A 50Ω resistance is connected to a battery of 5 V. A galvanometer of resistance 100Ω is to be used as an ammeter to measure current through the resistance. For this, a resistor rs is connected to the galvanometer. Which of the following connections should be employed if the measured current is within 1% of the actual current?

Current in the circuit without ammeter is Imax = V/R = 5/50 = 0.1A

Given that current in the circuit with ammeter is within 1% of the actual current, the measured current should be between 0.099A and 0.101A.

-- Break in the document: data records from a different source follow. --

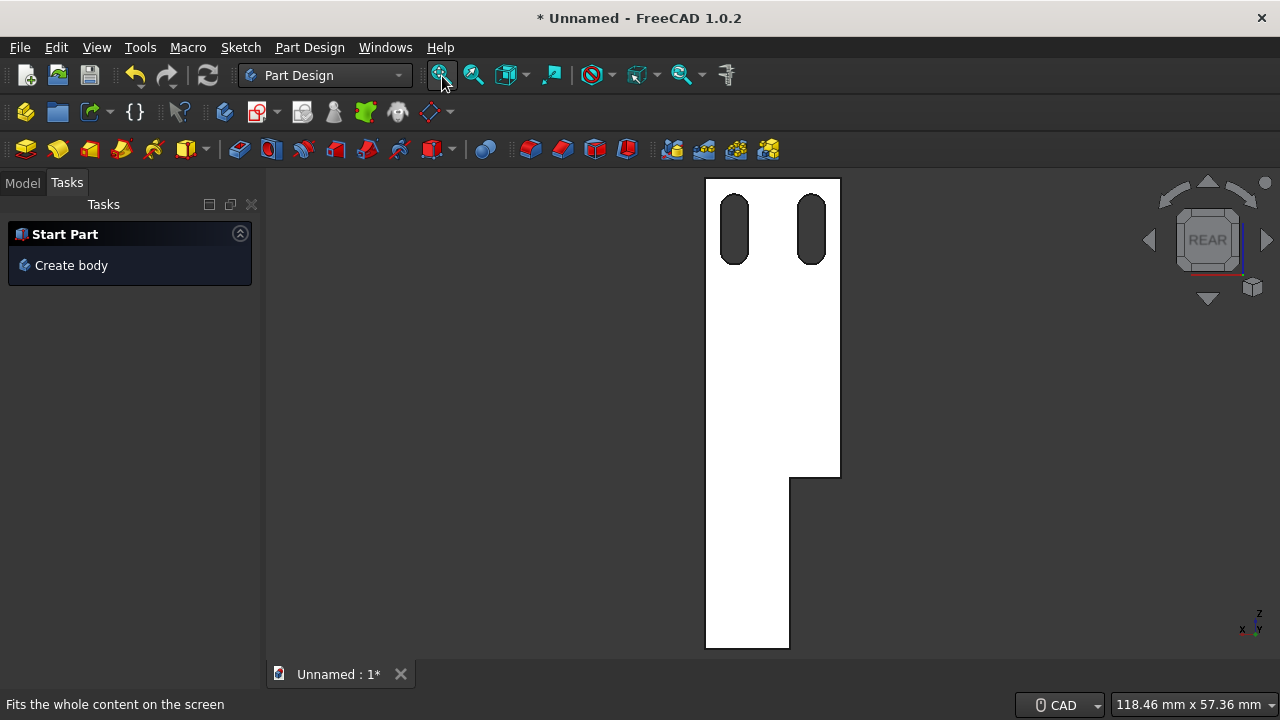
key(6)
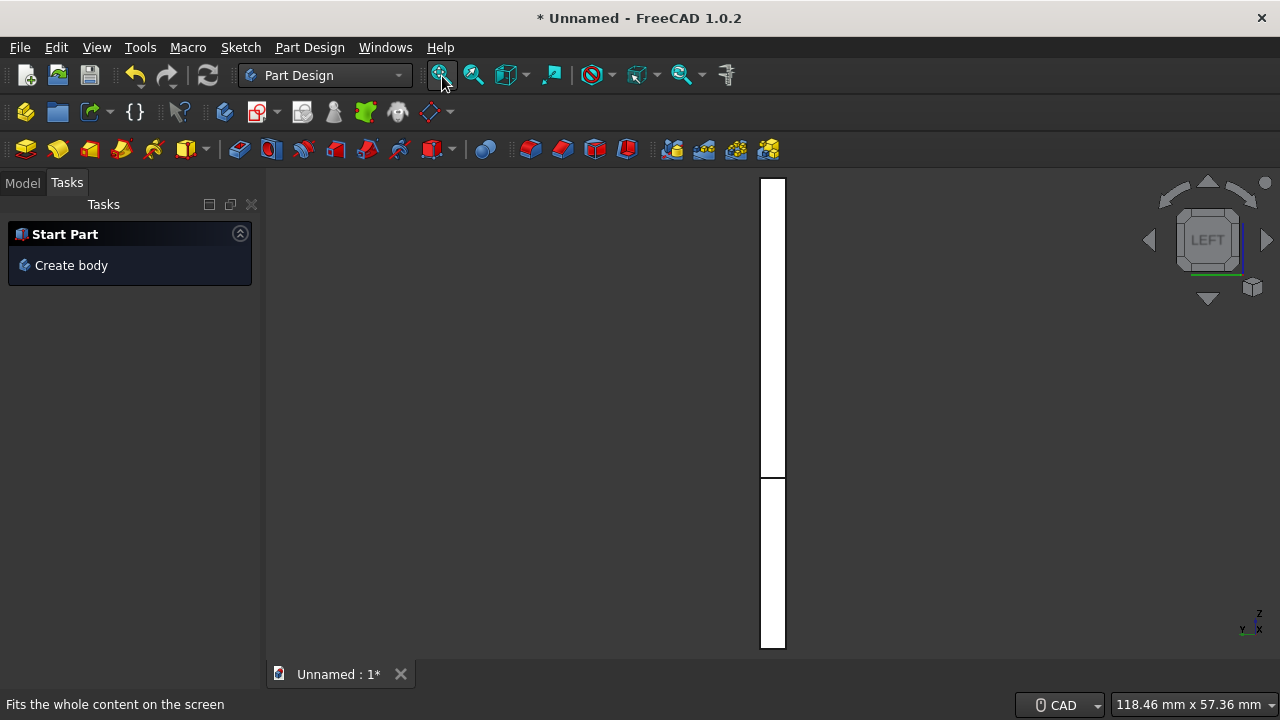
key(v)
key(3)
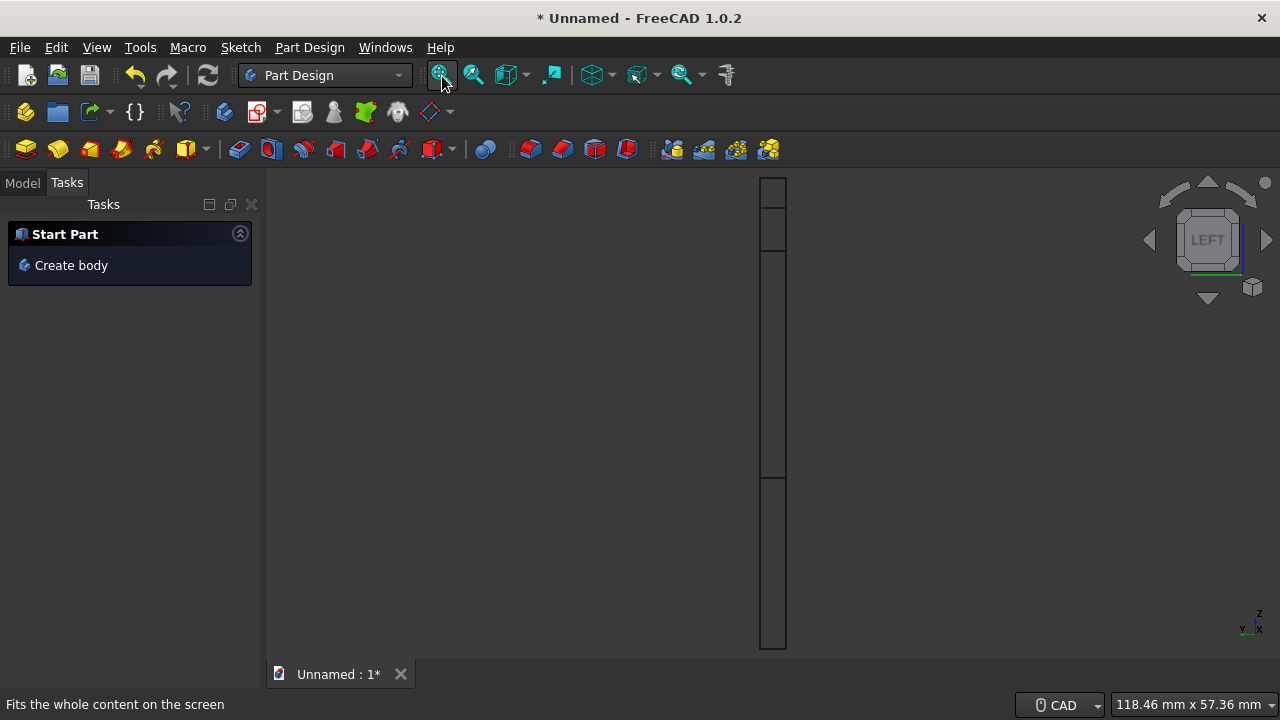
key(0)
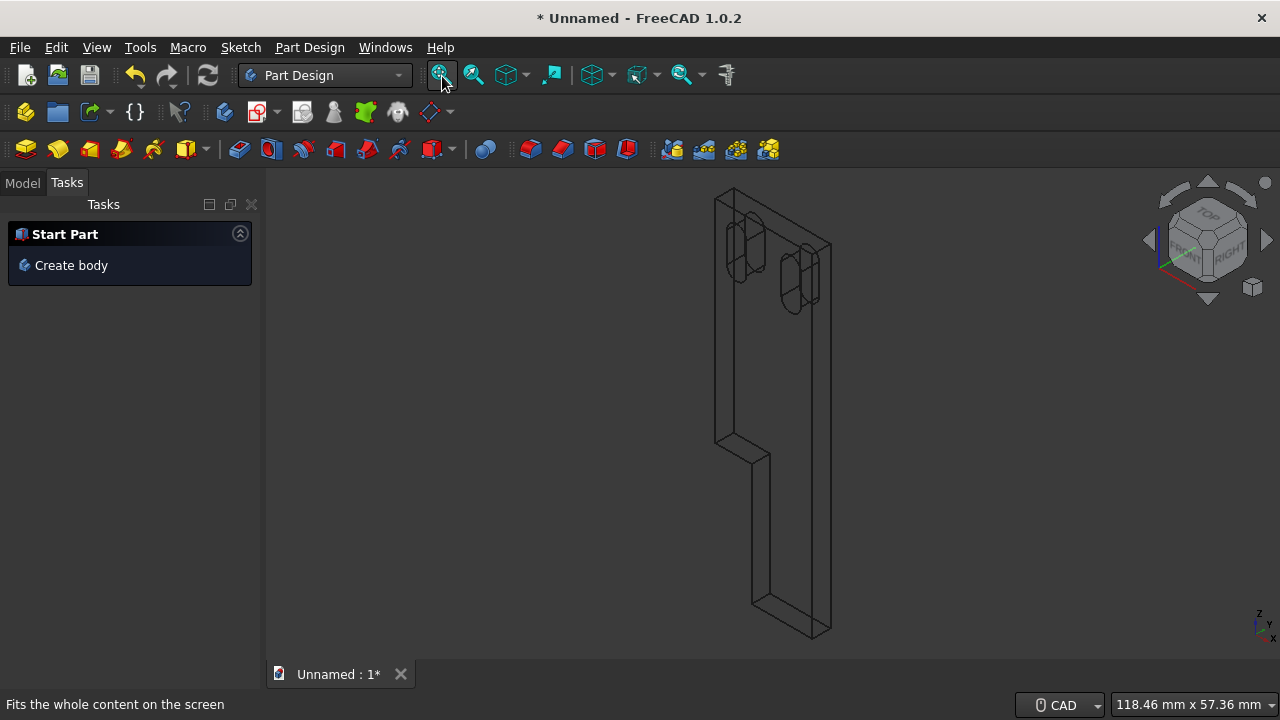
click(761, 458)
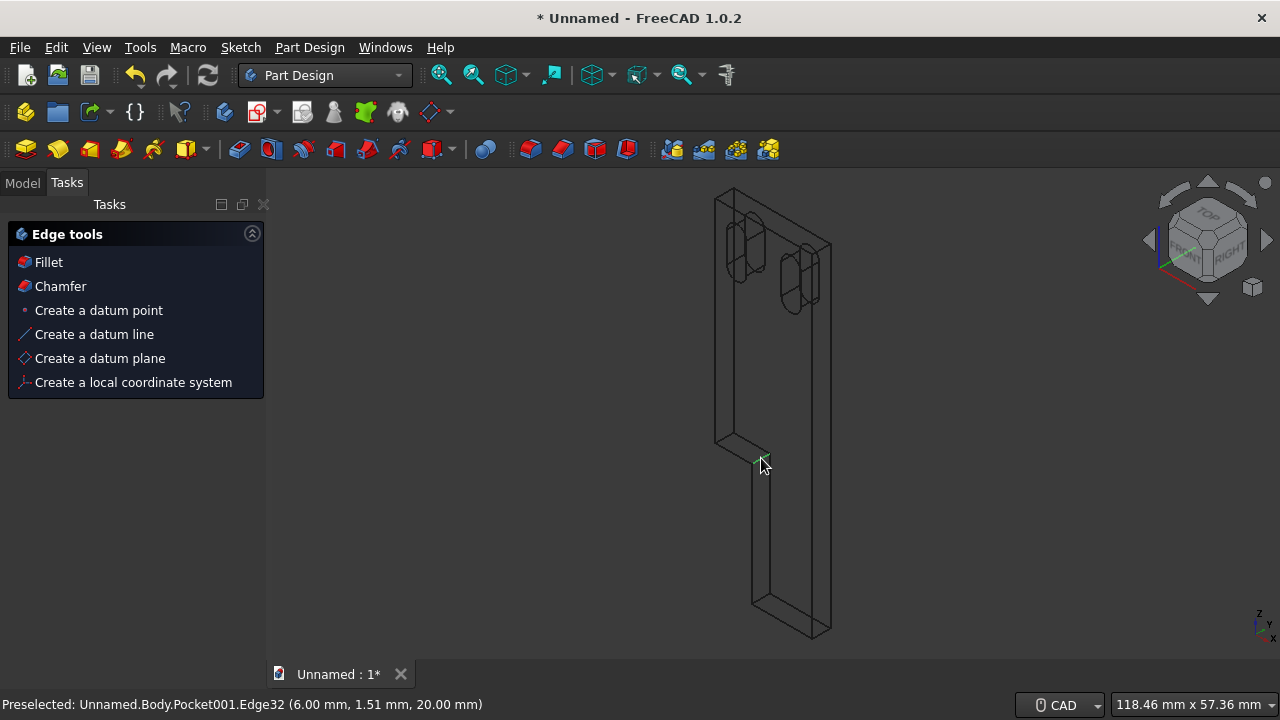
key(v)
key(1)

Let's analyze each option:

1. rs = 0.5Ω in series with the galvanometer:
   Total resistance of ammeter = 100Ω + 0.5Ω = 100.5Ω
   Total resistance of the circuit = 50Ω + 100.5Ω = 150.5Ω
   Measured current = V / (50Ω + 100.5Ω) = 5V / 150.5Ω ≈ 0.033A
   This is significantly less than 0.1A.

2. rs = 1Ω in parallel with the galvanometer:
   Equivalent resistance of ammeter = (100Ω * 1Ω) / (100Ω + 1Ω) ≈ 0.99Ω
   Total resistance of the circuit = 50Ω + 0.99Ω = 50.99Ω
   Measured current = 5V / 50.99Ω ≈ 0.097A
   This is within 1% of 0.1A

3. rs = 0.5Ω in parallel with the galvanometer:
   Equivalent resistance of ammeter = (100Ω * 0.5Ω) / (100Ω + 0.5Ω) ≈ 0.497Ω
   Total resistance of the circuit = 50Ω + 0.497Ω = 50.497Ω
   Measured current = 5V / 50.497Ω ≈ 0.099A
   This is within 1% of 0.1A

4. rs = 1Ω in series with the galvanometer:
   Total resistance of ammeter = 100Ω + 1Ω = 101Ω
   Total resistance of the circuit = 50Ω + 101Ω = 151Ω
   Measured current = 5V / 151Ω ≈ 0.033A
   This is significantly less than 0.1A.

Therefore, options 2 and 3 provide measured current within 1% of the actual current. Option 3 (rs = 0.5Ω in parallel with the galvanometer) gives a measured current closer to the actual value.